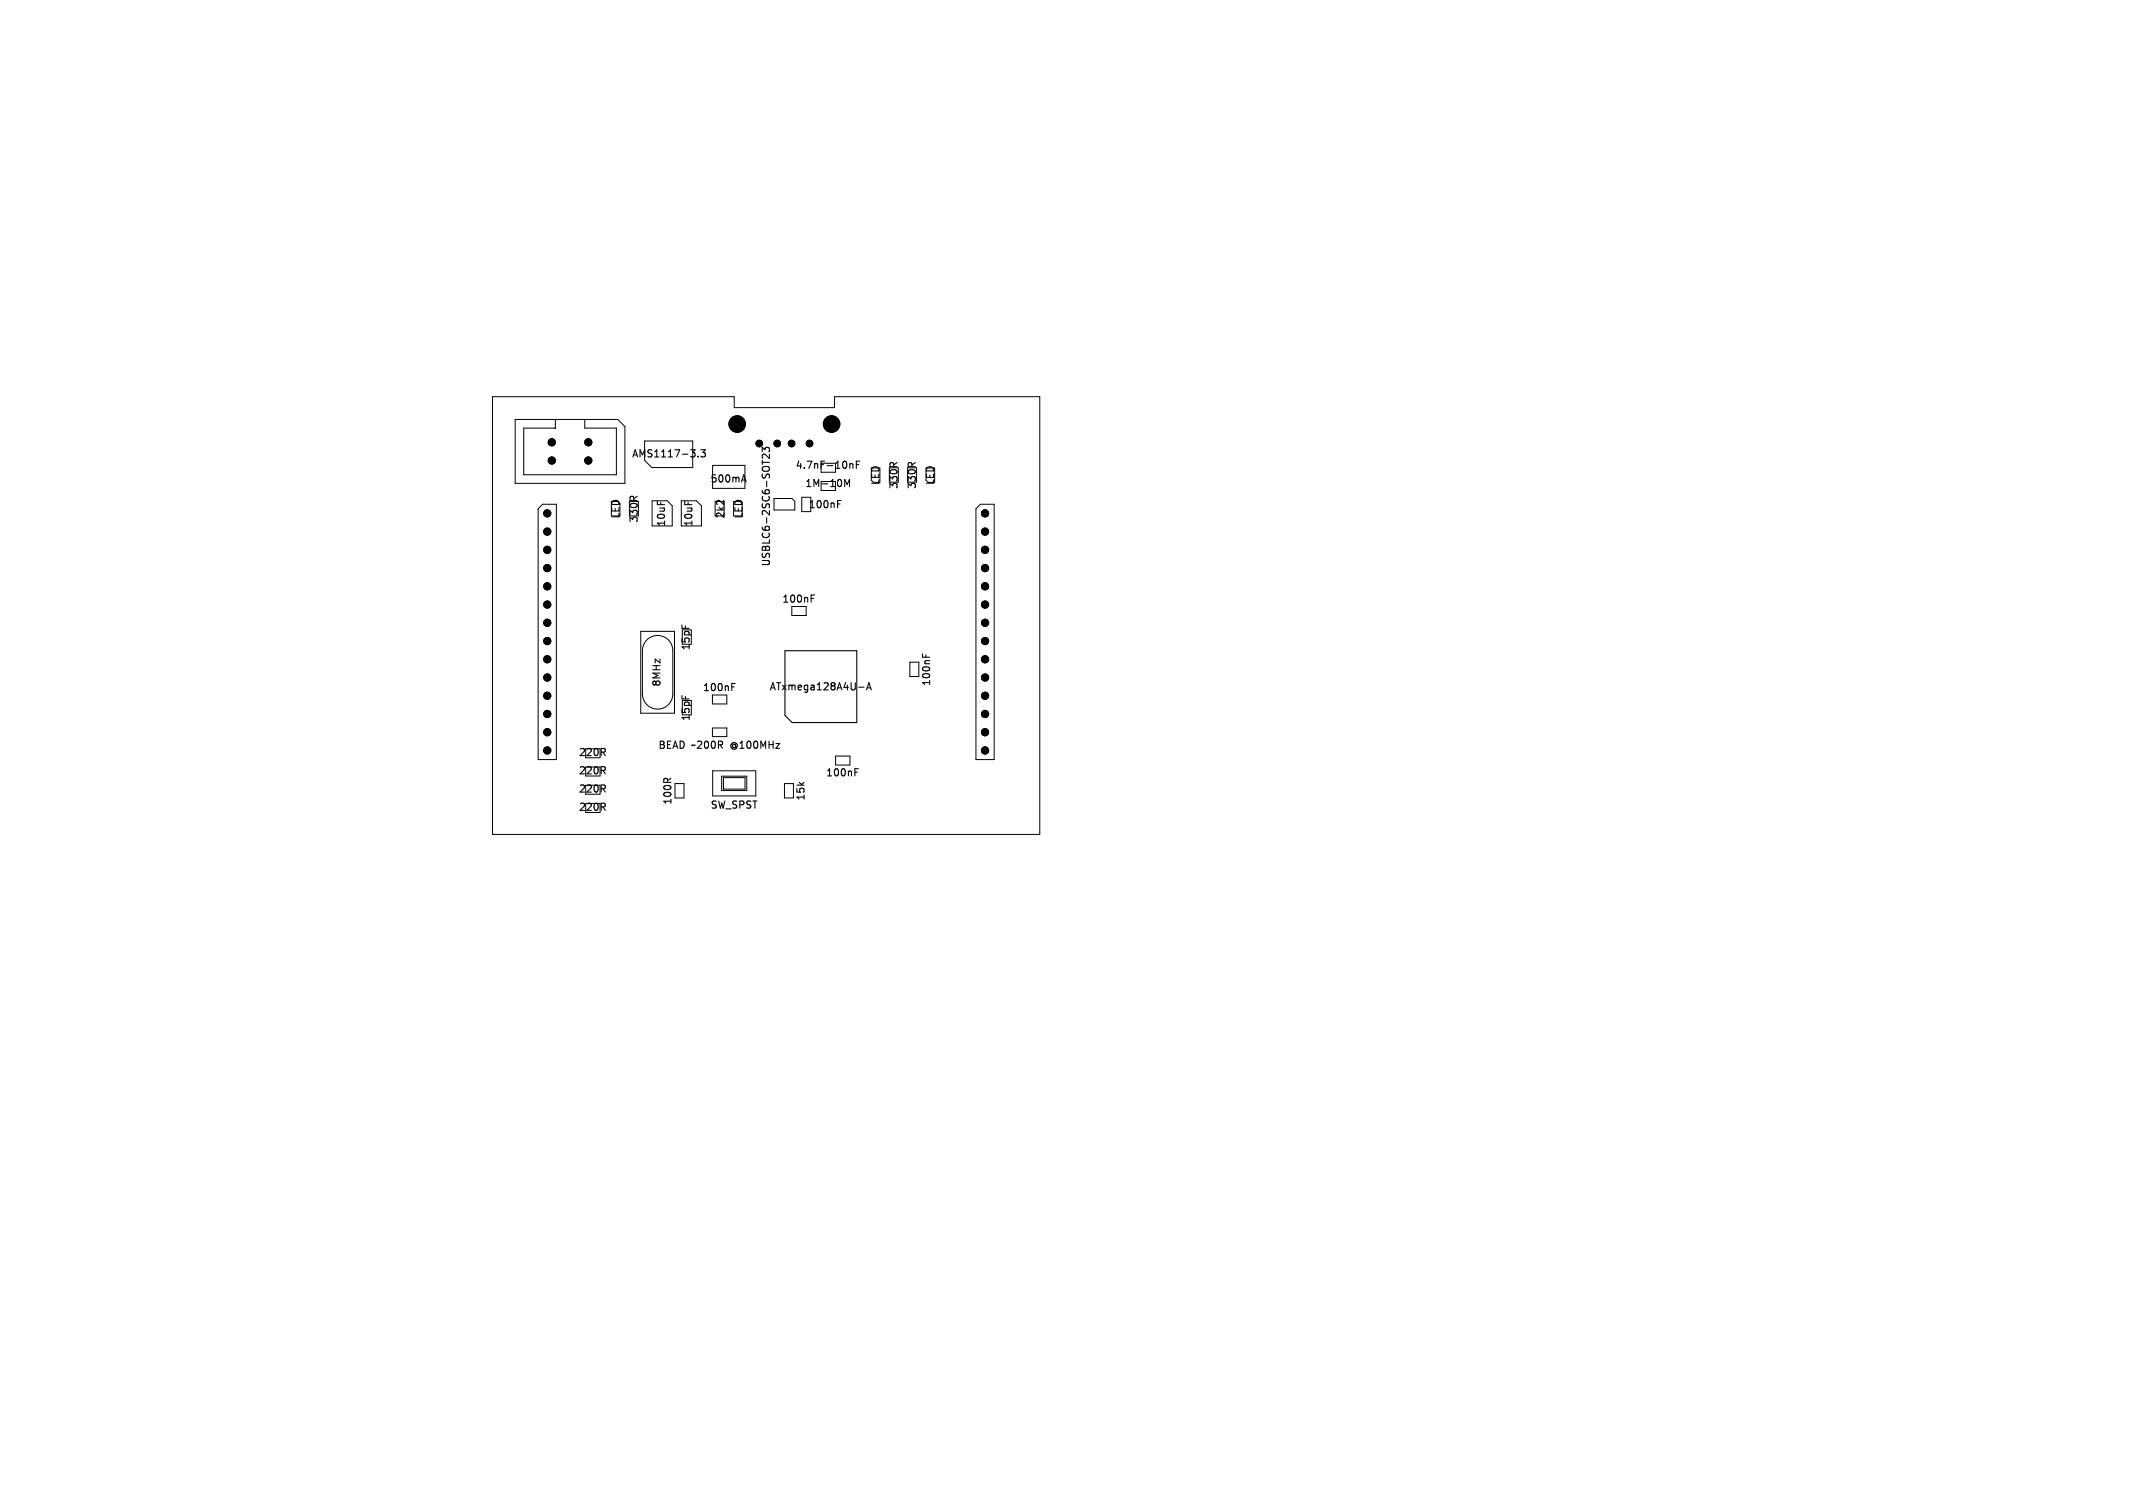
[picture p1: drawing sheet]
<svg xmlns="http://www.w3.org/2000/svg" width="297mm" height="210mm" viewBox="0 0 297 210" stroke-linecap="round" stroke-linejoin="round" font-family="sans-serif">
<defs><g id="words">
<g font-size="1.4">
<text x="87.9" y="63.9">AMS1117-3.3</text>
<text x="110.7" y="65.5">4.7nF-10nF</text>
<text x="98.8" y="67.4">500mA</text>
<text x="112" y="68">1M-10M</text>
<text x="112.5" y="71">100nF</text>
<text x="122.6" y="67.7" transform="rotate(-90 122.6 67.7)">LED</text>
<text x="125.2" y="68.2" transform="rotate(-90 125.2 68.2)">330R</text>
<text x="127.7" y="68.2" transform="rotate(-90 127.7 68.2)">330R</text>
<text x="130.3" y="67.7" transform="rotate(-90 130.3 67.7)">LED</text>
<text x="86.4" y="72.3" transform="rotate(-90 86.4 72.3)">LED</text>
<text x="89" y="72.9" transform="rotate(-90 89 72.9)">330R</text>
<text x="92.8" y="73.5" transform="rotate(-90 92.8 73.5)">10uF</text>
<text x="96.6" y="73.5" transform="rotate(-90 96.6 73.5)">10uF</text>
<text x="101.1" y="72.3" transform="rotate(-90 101.1 72.3)">2k2</text>
<text x="103.6" y="72.3" transform="rotate(-90 103.6 72.3)">LED</text>
<text x="107.4" y="79" transform="rotate(-90 107.4 79)">USBLC6-2SC6-SOT23</text>
<text x="108.8" y="84.1">100nF</text>
<text x="92.2" y="95.7" transform="rotate(-90 92.2 95.7)">8MHz</text>
<text x="96.2" y="90.7" transform="rotate(-90 96.2 90.7)">15pF</text>
<text x="129.7" y="95.7" transform="rotate(-90 129.7 95.7)">100nF</text>
<text x="96.2" y="100.5" transform="rotate(-90 96.2 100.5)">15pF</text>
<text x="97.8" y="96.5">100nF</text>
<text x="107.1" y="96.3">ATxmega128A4U-A</text>
<text x="80.5" y="105.5">220R</text>
<text x="91.6" y="104.5">BEAD</text>
<text x="96.4" y="104.5">~200R</text>
<text x="101.9" y="104.5">@100MHz</text>
<text x="80.5" y="110.6">220R</text>
<text x="80.5" y="113.1">220R</text>
<text x="80.5" y="108">220R</text>
<text x="93.7" y="112.2" transform="rotate(-90 93.7 112.2)">100R</text>
<text x="98.8" y="112.8">SW_SPST</text>
<text x="112.2" y="111.6" transform="rotate(-90 112.2 111.6)">15k</text>
<text x="114.9" y="108.3">100nF</text>
</g>
</g></defs>
<g fill="none" stroke="#000" stroke-width=".15">
<path d="M87.8 69.2h.3M88.7 69.1l-.5 .3M91.5 69.8v.5M95.3 69.8v.5M97.2 63.5v.1M97.6 62.6h.6l-.3 .4 .3 .1v.4l-.2 .1-.4-.1M103.3 66.8h.5M103.6 66.1l.3 1M106.1 62.9v-.6l.4 .3 .1-.3h.4l.1 .2-.1 .4M106.1 64.1v.6M107.1 63.2v.7l-.7-.7-.3 .2 .1 .4M116.6 70.2h.4"/>
<path d="M116.6 69.7h.5M117.6 67.8v-1l.4 .7 .3-.7v1M118.3 64.6v.6M118.3 64.7l.2-.1h.2l.1 .6M119.2 64.7h.4M119.7 64.2h-.5v1M124 64.5h.3M124.9 64.4l-.5 .3M126.6 64.5h.3M127.5 64.4l-.5 .3M95 87v.5M95 96.9v.4"/>
<path d="M101.9 95.7h.3M101.9 95.2h.5M109.3 90.6h10v10h-9l-1-1zM112.9 83.3h.4M112.9 82.9h.5M119.6 95.7h.7M120.7 96.1l.3-1 .3 1M120.8 95.8h.4M128.4 91.1v.4M128.9 91.2v.3M84 109.8l.3 .5M84 112.4l.3 .4"/>
<path d="M84 107.3l.3 .5M84 104.8l.3 .4M84.2 109.4v.3M84.2 104.3v.4M84.2 106.9v.3M84.2 111.9v.4M92.5 108.4h.3M93.4 108.4l-.5 .3M119 107.5h.4M119 107.1h.5"/>
</g>
<g fill="none" stroke="#000" stroke-width=".14">
<path d="M68.6 55.2h33.6v1.6h14v-1.6h28.6v61h-76.2zM71.7 58.4h14.3l1 1v7.9h-15.3zM77.3 58.4v1.2h-4.4v6.5h12.9v-6.5h-4.4v-1.2M75.6 70.2h1.9v35.6h-2.6v-34.9zM89.8 61.4h6.7v3.7h-5.7l-1-1zM90.8 69.7h2.1l.7 .7v2.8h-2.8zM94.9 69.7h2.1l.7 .7v2.8h-2.8zM99.2 64.8h4.5v3.2h-4.5zM107.8 69.4h2.5l.4 .4v1.2h-2.9M111.6 69.3h1.3v2h-1.3zM136.5 70.2h1.9v35.6h-2.5v-34.9zM89.2 87.9h4.7v11.4h-4.7z"/>
<path d="M90.1 89.1a2.12 2.12 0 0 1 2.3-.4 2.12 2.12 0 0 1 1.3 1.9v6a2.12 2.12 0 0 1-2.1 2.2 2.12 2.12 0 0 1-2.1-2.2v-6a2.11 2.11 0 0 1 .6-1.5zM99.2 96.8v1.2h2v-1.2M110.3 84.5v1.2h2v-1.2M126.7 92.2h1.2v2h-1.2zM94 109.1h1.2v2h-1.2M99.2 101.4h2v1.2h-2zM99.2 107.3h6v3.5h-6zM100.5 108.1h3.5v2h-3.5zM100.7 108.3h3v1.6h-3zM109.2 109.1h1.3v2h-1.3zM116.3 105.3h2v1.2h-2z"/>
</g>
<g fill="#000" stroke="#000" stroke-width=".14">
<circle cx="77.3" cy="59.6" r=".05"/>
<circle cx="102.6" cy="59.1" r="1.15"/>
<circle cx="115.8" cy="59.1" r="1.15"/>
<circle cx="76.2" cy="71.5" r=".5"/>
<circle cx="76.2" cy="74" r=".5"/>
<circle cx="76.2" cy="76.6" r=".5"/>
<circle cx="76.2" cy="79.1" r=".5"/>
<circle cx="76.8" cy="61.6" r=".5"/>
<circle cx="76.8" cy="64.1" r=".5"/>
<circle cx="81.9" cy="61.6" r=".5"/>
<circle cx="81.9" cy="64.1" r=".5"/>
<circle cx="105.7" cy="61.8" r=".46"/>
<circle cx="108.2" cy="61.8" r=".46"/>
<circle cx="110.2" cy="61.8" r=".46"/>
<circle cx="112.7" cy="61.8" r=".46"/>
<circle cx="137.2" cy="76.6" r=".5"/>
<circle cx="137.2" cy="71.5" r=".5"/>
<circle cx="137.2" cy="74" r=".5"/>
<circle cx="137.2" cy="79.1" r=".5"/>
<circle cx="76.2" cy="86.7" r=".5"/>
<circle cx="76.2" cy="81.7" r=".5"/>
<circle cx="76.2" cy="94.4" r=".5"/>
<circle cx="76.2" cy="84.2" r=".5"/>
<circle cx="76.2" cy="89.3" r=".5"/>
<circle cx="76.2" cy="91.8" r=".5"/>
<circle cx="76.2" cy="96.9" r=".5"/>
<circle cx="76.2" cy="99.4" r=".5"/>
<circle cx="137.2" cy="96.9" r=".5"/>
<circle cx="137.2" cy="91.8" r=".5"/>
<circle cx="137.2" cy="84.2" r=".5"/>
<circle cx="137.2" cy="89.3" r=".5"/>
<circle cx="137.2" cy="99.4" r=".5"/>
<circle cx="137.2" cy="81.7" r=".5"/>
<circle cx="137.2" cy="86.7" r=".5"/>
<circle cx="137.2" cy="94.4" r=".5"/>
<circle cx="76.2" cy="102" r=".5"/>
<circle cx="76.2" cy="104.5" r=".5"/>
<circle cx="137.2" cy="104.5" r=".5"/>
<circle cx="137.2" cy="102" r=".5"/>
</g>
<use href="#words"/>
</svg>

EXERCISE REQUIREMENTS
Wherever a line in the listing contains the word "path", copy that line out.

RESPONSE FOR THIS EXERCISE
<path d="M87.8 69.2h.3M88.7 69.1l-.5 .3M91.5 69.8v.5M95.3 69.8v.5M97.2 63.5v.1M97.6 62.6h.6l-.3 .4 .3 .1v.4l-.2 .1-.4-.1M103.3 66.8h.5M103.6 66.1l.3 1M106.1 62.9v-.6l.4 .3 .1-.3h.4l.1 .2-.1 .4M106.1 64.1v.6M107.1 63.2v.7l-.7-.7-.3 .2 .1 .4M116.6 70.2h.4"/>
<path d="M116.6 69.7h.5M117.6 67.8v-1l.4 .7 .3-.7v1M118.3 64.6v.6M118.3 64.7l.2-.1h.2l.1 .6M119.2 64.7h.4M119.7 64.2h-.5v1M124 64.5h.3M124.9 64.4l-.5 .3M126.6 64.5h.3M127.5 64.4l-.5 .3M95 87v.5M95 96.9v.4"/>
<path d="M101.9 95.7h.3M101.9 95.2h.5M109.3 90.6h10v10h-9l-1-1zM112.9 83.3h.4M112.9 82.9h.5M119.6 95.7h.7M120.7 96.1l.3-1 .3 1M120.8 95.8h.4M128.4 91.1v.4M128.9 91.2v.3M84 109.8l.3 .5M84 112.4l.3 .4"/>
<path d="M84 107.3l.3 .5M84 104.8l.3 .4M84.2 109.4v.3M84.2 104.3v.4M84.2 106.9v.3M84.2 111.9v.4M92.5 108.4h.3M93.4 108.4l-.5 .3M119 107.5h.4M119 107.1h.5"/>
<path d="M68.6 55.2h33.6v1.6h14v-1.6h28.6v61h-76.2zM71.7 58.4h14.3l1 1v7.9h-15.3zM77.3 58.4v1.2h-4.4v6.5h12.9v-6.5h-4.4v-1.2M75.6 70.2h1.9v35.6h-2.6v-34.9zM89.8 61.4h6.7v3.7h-5.7l-1-1zM90.8 69.7h2.1l.7 .7v2.8h-2.8zM94.9 69.7h2.1l.7 .7v2.8h-2.8zM99.2 64.8h4.5v3.2h-4.5zM107.8 69.4h2.5l.4 .4v1.2h-2.9M111.6 69.3h1.3v2h-1.3zM136.5 70.2h1.9v35.6h-2.5v-34.9zM89.2 87.9h4.7v11.4h-4.7z"/>
<path d="M90.1 89.1a2.12 2.12 0 0 1 2.3-.4 2.12 2.12 0 0 1 1.3 1.9v6a2.12 2.12 0 0 1-2.1 2.2 2.12 2.12 0 0 1-2.1-2.2v-6a2.11 2.11 0 0 1 .6-1.5zM99.2 96.8v1.2h2v-1.2M110.3 84.5v1.2h2v-1.2M126.7 92.2h1.2v2h-1.2zM94 109.1h1.2v2h-1.2M99.2 101.4h2v1.2h-2zM99.2 107.3h6v3.5h-6zM100.5 108.1h3.5v2h-3.5zM100.7 108.3h3v1.6h-3zM109.2 109.1h1.3v2h-1.3zM116.3 105.3h2v1.2h-2z"/>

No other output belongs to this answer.